Although we have attempted this hybrid closure of apical MVSD primarily in patients with associated cardiac problems requiring the surgical procedure, an isolate of apical MVSD patients can have benefits from this approach such as short procedure time, avoidance of CPB, small surgical scar, and immediate handling for possible complications. The limitations of this study include a small patient sample, short follow-up, and the lack of randomization.

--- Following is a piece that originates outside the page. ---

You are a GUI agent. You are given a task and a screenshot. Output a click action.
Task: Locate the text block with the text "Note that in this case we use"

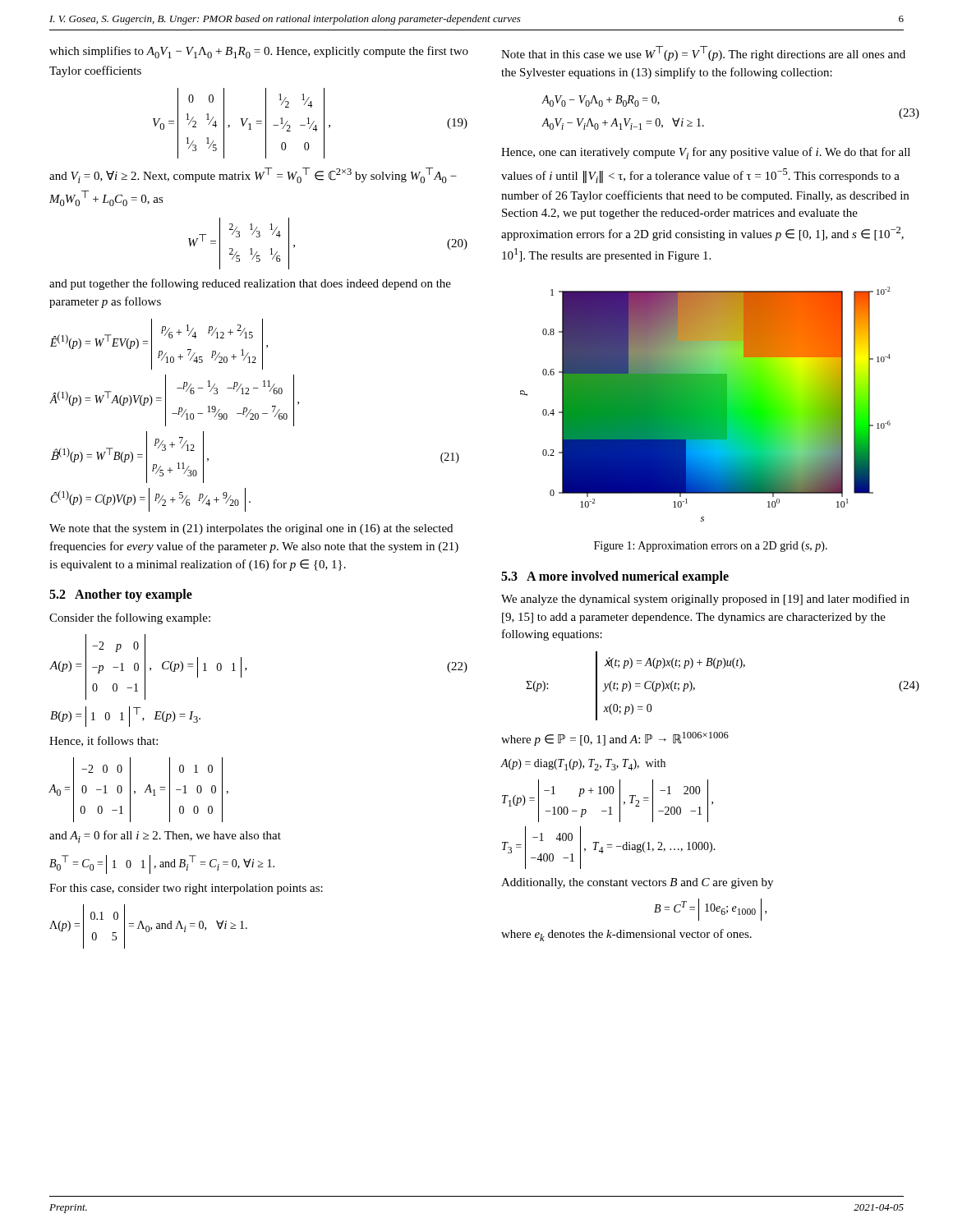click(711, 62)

In conclusion, in our small series, the hybrid approach with the ADO was an effective option for apical MVSD closure. Although we should pay more attention to the delivery system and device position and select the RV puncture site more carefully in small infants, it is expected that we can do this procedure with low complication rate if only we keep several important points under consideration. With more experience, perventricular closure using an ADO can provide effective, one-stage repair in small infants with large apical MVSD and associated cardiac problems.
Notes
No potential conflict of interest relevant to this article was reported.